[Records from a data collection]

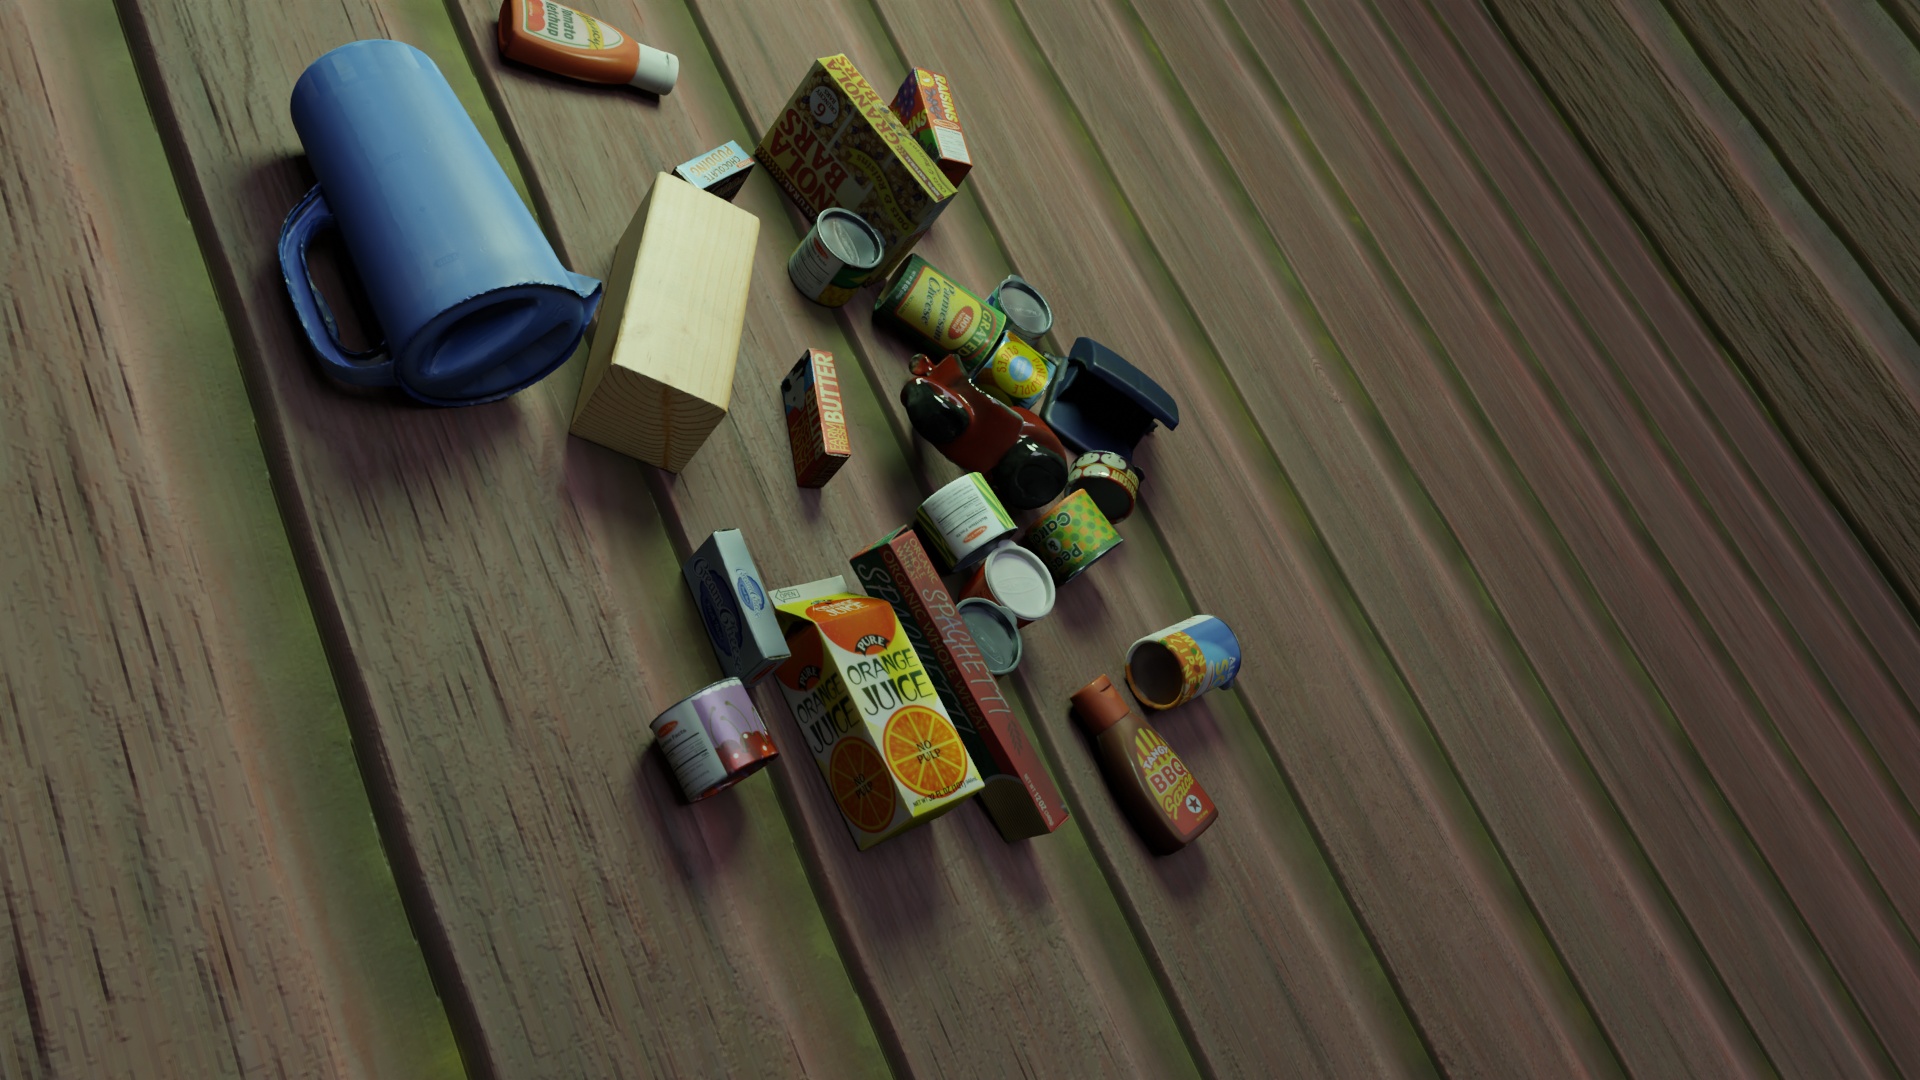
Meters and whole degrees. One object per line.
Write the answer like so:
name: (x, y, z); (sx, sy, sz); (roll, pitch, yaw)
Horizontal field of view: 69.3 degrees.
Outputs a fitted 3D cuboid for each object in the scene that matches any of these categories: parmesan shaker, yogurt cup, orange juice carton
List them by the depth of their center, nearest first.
orange juice carton: (-0.069, 0.113, 0.990); (0.072, 0.072, 0.193); (-14, 70, -43)
yogurt cup: (0.035, 0.045, 1.136); (0.072, 0.053, 0.073); (21, 50, -26)
parmesan shaker: (-0.021, -0.204, 1.264); (0.103, 0.071, 0.072); (32, 45, -16)

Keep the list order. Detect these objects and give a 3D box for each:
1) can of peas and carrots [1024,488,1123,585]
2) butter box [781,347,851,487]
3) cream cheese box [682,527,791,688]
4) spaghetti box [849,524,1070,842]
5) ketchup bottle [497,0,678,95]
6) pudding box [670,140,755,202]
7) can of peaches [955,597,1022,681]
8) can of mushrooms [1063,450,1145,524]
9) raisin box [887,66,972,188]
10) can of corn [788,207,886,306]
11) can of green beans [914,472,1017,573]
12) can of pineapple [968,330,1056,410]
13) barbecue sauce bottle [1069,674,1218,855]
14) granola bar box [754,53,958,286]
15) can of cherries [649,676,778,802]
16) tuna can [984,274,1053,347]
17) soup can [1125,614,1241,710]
can of peas and carrots: (0.097, -0.003, 1.211); (0.071, 0.070, 0.059); (-30, 80, -46)
butter box: (-0.117, -0.098, 1.118); (0.024, 0.053, 0.104); (7, 56, -33)
cream cheese box: (-0.159, 0.048, 0.979); (0.024, 0.053, 0.104); (-7, 65, -44)
spaghetti box: (-0.001, 0.108, 1.028); (0.029, 0.050, 0.250); (-33, 96, -47)
ketchup bottle: (-0.319, -0.423, 1.198); (0.149, 0.043, 0.065); (9, 55, -35)
pudding box: (-0.219, -0.305, 1.188); (0.030, 0.049, 0.084); (45, 42, -1)
can of peaches: (0.007, 0.086, 1.081); (0.071, 0.057, 0.071); (21, 49, -26)
can of mushrooms: (0.131, -0.048, 1.267); (0.071, 0.070, 0.034); (34, 46, -15)
raisin box: (-0.037, -0.390, 1.367); (0.040, 0.085, 0.124); (4, 58, -31)
can of corn: (-0.109, -0.250, 1.230); (0.071, 0.058, 0.071); (21, 49, -26)
can of green beans: (0.004, -0.015, 1.146); (0.071, 0.071, 0.058); (-24, 76, -46)
can of pineapple: (0.046, -0.151, 1.274); (0.058, 0.070, 0.071); (36, 44, -11)
barbecue sauce bottle: (0.146, 0.180, 1.135); (0.065, 0.043, 0.148); (-27, 79, -45)
granola bar box: (-0.095, -0.332, 1.251); (0.165, 0.123, 0.039); (51, 43, 3)
can of cherries: (-0.159, 0.130, 0.911); (0.072, 0.071, 0.058); (-20, 74, -45)
tuna can: (0.054, -0.222, 1.358); (0.071, 0.032, 0.071); (21, 49, -26)
soup can: (0.195, 0.108, 1.209); (0.084, 0.071, 0.071); (-16, 72, -43)
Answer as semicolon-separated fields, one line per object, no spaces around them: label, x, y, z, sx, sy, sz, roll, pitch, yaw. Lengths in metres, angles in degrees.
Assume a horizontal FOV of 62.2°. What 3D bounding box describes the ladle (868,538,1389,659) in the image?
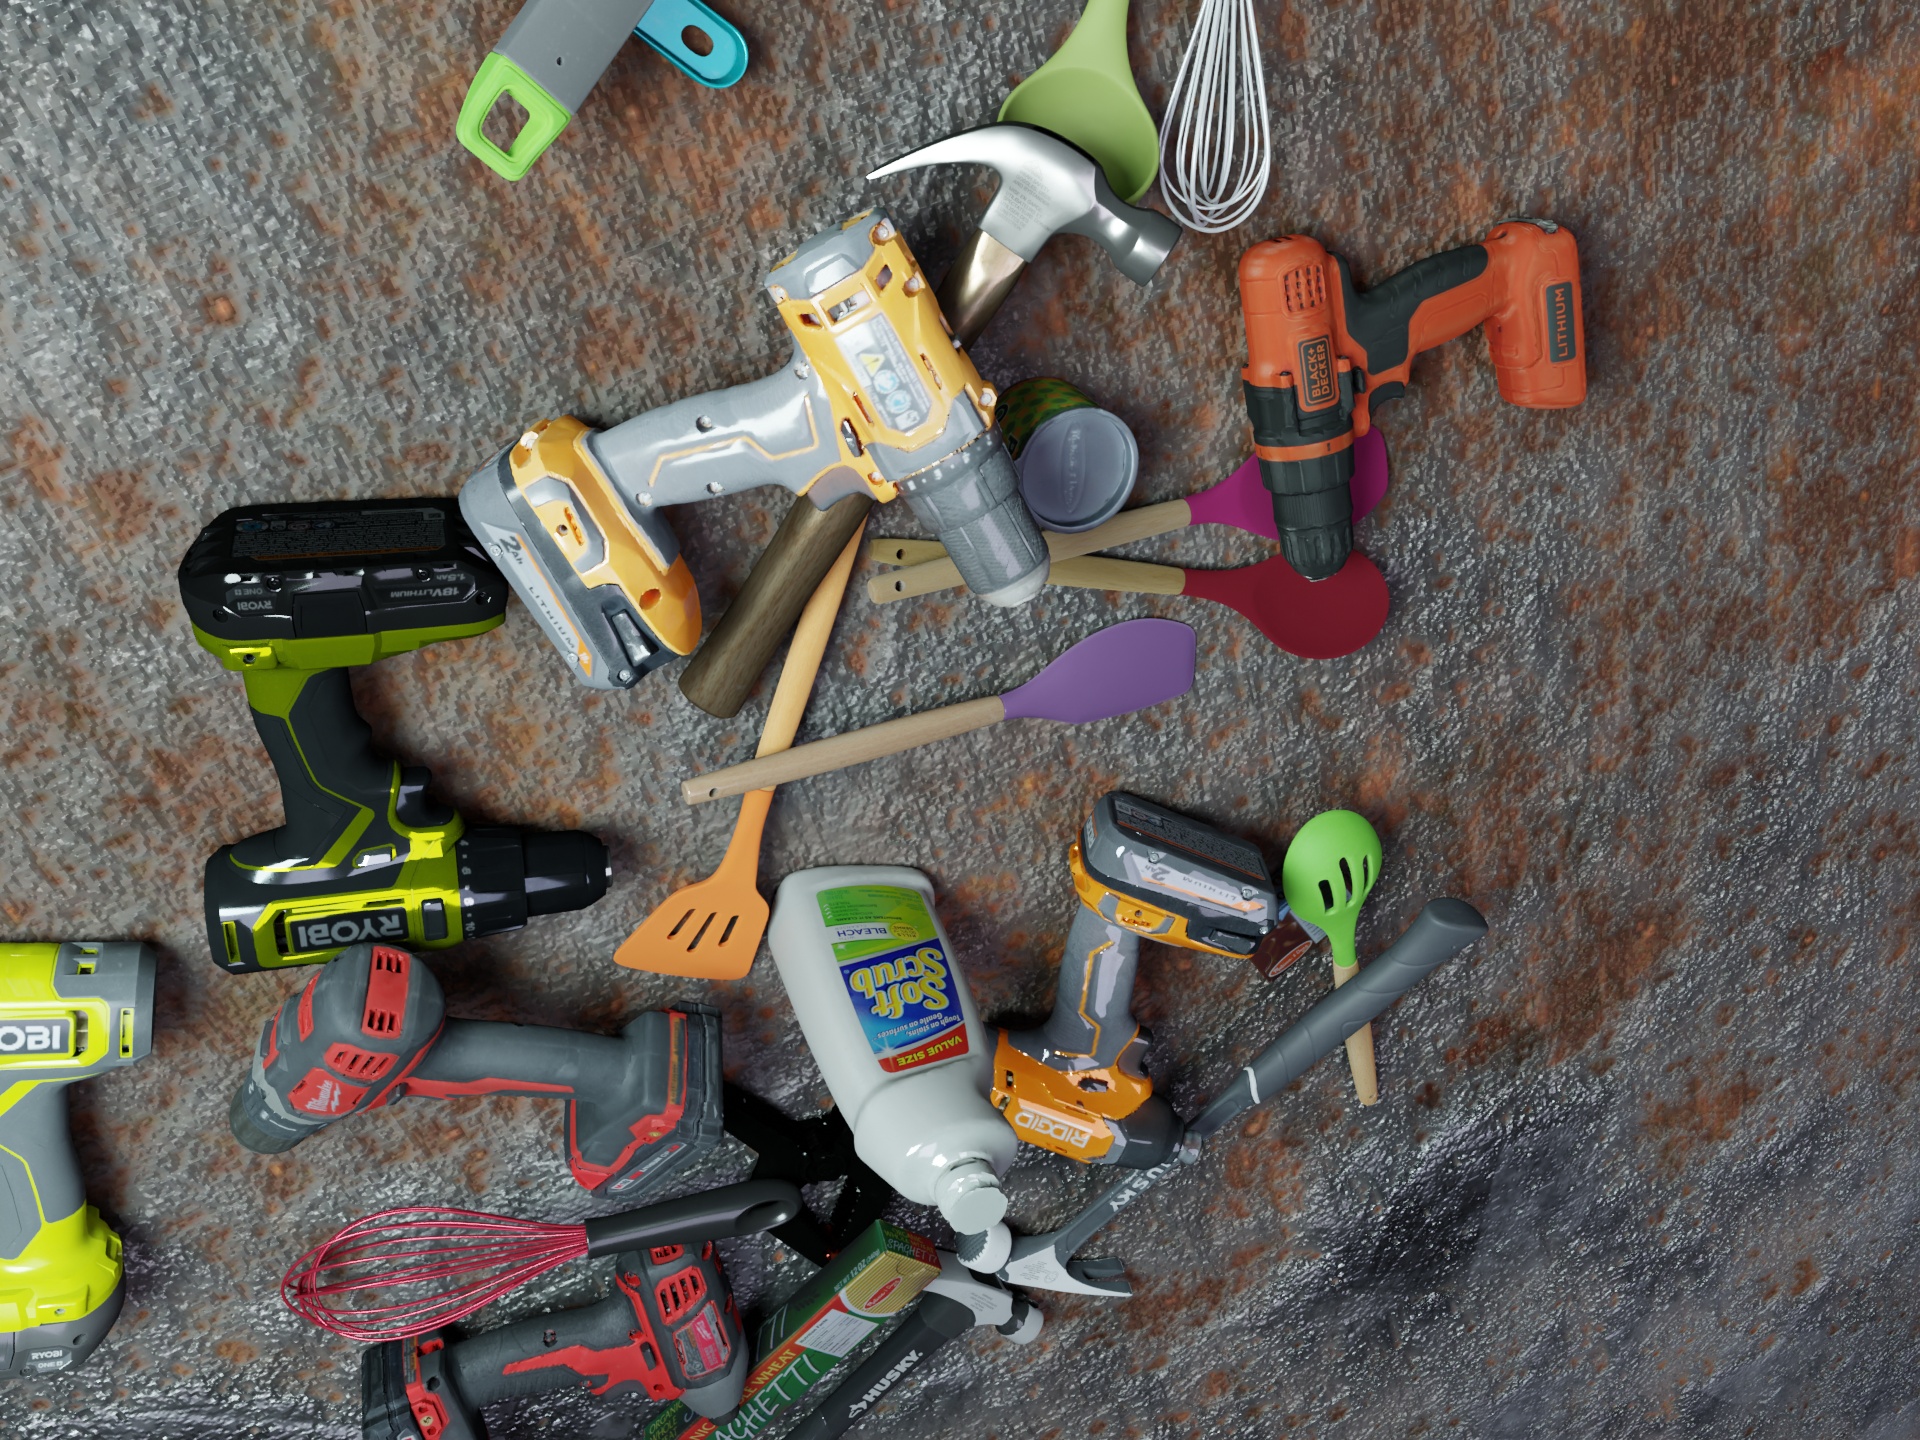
ladle;0.099;-0.078;0.886;0.315;0.031;0.069;4;103;-22

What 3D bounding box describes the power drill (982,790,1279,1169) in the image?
power drill;0.107;0.173;0.970;0.164;0.084;0.226;22;110;-7

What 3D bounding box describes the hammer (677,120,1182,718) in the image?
hammer;-0.045;-0.132;0.760;0.130;0.031;0.331;34;114;-8

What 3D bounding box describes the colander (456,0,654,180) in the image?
colander;-0.050;-0.363;0.586;0.204;0.095;0.397;34;92;-45

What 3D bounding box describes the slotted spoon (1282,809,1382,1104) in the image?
slotted spoon;0.260;0.172;1.058;0.070;0.031;0.313;-29;135;-9

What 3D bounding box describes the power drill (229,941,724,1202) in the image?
power drill;-0.258;0.195;0.840;0.226;0.080;0.188;20;137;-32

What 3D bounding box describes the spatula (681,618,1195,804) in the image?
spatula;-0.001;-0.003;0.872;0.316;0.018;0.059;-16;121;-24

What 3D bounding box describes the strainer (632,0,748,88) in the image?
strainer;-0.212;-0.338;0.577;0.340;0.095;0.211;30;103;-30

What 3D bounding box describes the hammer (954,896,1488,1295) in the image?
hammer;0.183;0.256;1.055;0.149;0.036;0.409;32;112;-35

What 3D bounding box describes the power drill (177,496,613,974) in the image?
power drill;-0.266;0.015;0.760;0.190;0.080;0.228;-5;121;-18

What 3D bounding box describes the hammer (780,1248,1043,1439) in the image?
hammer;-0.103;0.496;1.110;0.335;0.035;0.146;-45;124;6

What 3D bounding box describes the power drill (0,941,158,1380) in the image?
power drill;-0.492;0.211;0.777;0.171;0.080;0.223;3;112;-24

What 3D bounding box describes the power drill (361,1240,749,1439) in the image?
power drill;-0.239;0.406;0.973;0.219;0.079;0.143;-20;111;-15

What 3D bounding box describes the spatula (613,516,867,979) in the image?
spatula;-0.103;0.009;0.856;0.081;0.041;0.322;12;107;-27

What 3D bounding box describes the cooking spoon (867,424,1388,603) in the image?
cooking spoon;0.099;-0.108;0.861;0.319;0.017;0.068;-16;107;-19

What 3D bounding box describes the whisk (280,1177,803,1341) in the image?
whisk;-0.237;0.305;0.925;0.295;0.073;0.073;-6;119;-16

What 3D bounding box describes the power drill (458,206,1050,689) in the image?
power drill;-0.084;-0.097;0.722;0.226;0.084;0.185;-27;112;12

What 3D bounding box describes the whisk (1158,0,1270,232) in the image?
whisk;0.125;-0.354;0.739;0.058;0.059;0.246;-31;129;-50

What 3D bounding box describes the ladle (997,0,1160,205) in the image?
ladle;0.083;-0.380;0.699;0.078;0.062;0.320;12;110;-6

Action item ▸ Please set down exactly the lines from the first line of the data above through the line with "16) tuna can [984,274,1053,347]", both included, leaving out the pictures.

Written solution ▸
Meters and whole degrees. One object per line.
Write the answer like so:
name: (x, y, z); (sx, sy, sz); (roll, pitch, yaw)
Horizontal field of view: 69.3 degrees.
Outputs a fitted 3D cuboid for each object in the scene that matches any of these categories: parmesan shaker, yogurt cup, orange juice carton
List them by the depth of their center, nearest first.
orange juice carton: (-0.069, 0.113, 0.990); (0.072, 0.072, 0.193); (-14, 70, -43)
yogurt cup: (0.035, 0.045, 1.136); (0.072, 0.053, 0.073); (21, 50, -26)
parmesan shaker: (-0.021, -0.204, 1.264); (0.103, 0.071, 0.072); (32, 45, -16)

Keep the list order. Detect these objects and give a 3D box for each:
1) can of peas and carrots [1024,488,1123,585]
2) butter box [781,347,851,487]
3) cream cheese box [682,527,791,688]
4) spaghetti box [849,524,1070,842]
5) ketchup bottle [497,0,678,95]
6) pudding box [670,140,755,202]
7) can of peaches [955,597,1022,681]
8) can of mushrooms [1063,450,1145,524]
9) raisin box [887,66,972,188]
10) can of corn [788,207,886,306]
11) can of green beans [914,472,1017,573]
12) can of pineapple [968,330,1056,410]
13) barbecue sauce bottle [1069,674,1218,855]
14) granola bar box [754,53,958,286]
15) can of cherries [649,676,778,802]
16) tuna can [984,274,1053,347]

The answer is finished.